Additionally, the number affected is further trimmed down by the number of individuals who purchase health insurance from the ACA exchanges in their state.  The benefit is that many who earn less than 400% of the federal poverty level will receive federal tax reductions.  Hopefully, many of those people will take advantage of that and stop listening to misleading GOP rhetoric instructing them to avoid buying from the insurance exchanges.

Further the study stipulates that small businesses who currently provide health insurance may find it more advantageous for themselves and their employees to discontinue providing insurance and telling their employees to get their health insurance from the ACA state exchanges.  Again, Republican deception has made a large portion of America uncomfortable with ObamaCare, so it is not clear that employees would readily accept this idea.

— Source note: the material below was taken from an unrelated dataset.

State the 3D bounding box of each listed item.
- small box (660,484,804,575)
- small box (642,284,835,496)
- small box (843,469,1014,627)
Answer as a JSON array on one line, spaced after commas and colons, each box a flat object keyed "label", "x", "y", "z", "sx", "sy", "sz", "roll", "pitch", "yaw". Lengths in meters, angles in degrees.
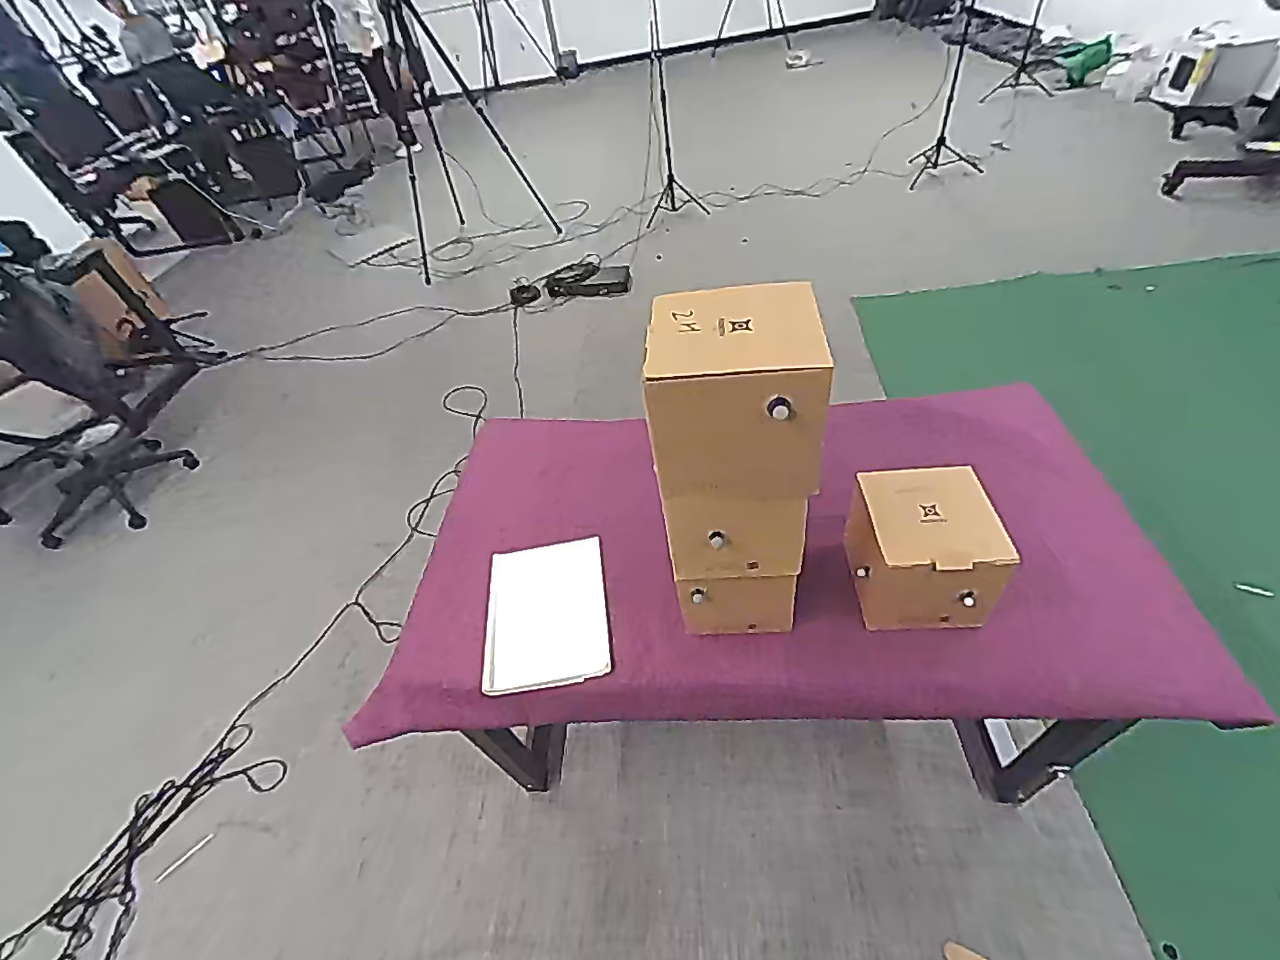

The small business employer also has the option to utilize the small business health insurance exchange established by ObamaCare.  This option would allow the employer to continue providing insurance to its employees and be exempt from the section 2701 requirements.

Another option for the small business employer would be to self insure.  This would also allow them to provide insurance to their employees and be exempt from the section 2701 requirements.

The total number of employees affected by minor premium increases is likely to be less than 3 million and even that number depends on a lot of the variables mentioned which could make the number much smaller.  My suggestion for small business employees is to get your health insurance from the state exchanges.

Ultimately, if our Republican leaders would stop spreading misinformation and start to support ObamaCare, more people would benefit.  The federal government can be a valuable partner to business and individuals despite what radical GOP-ers want you to believe.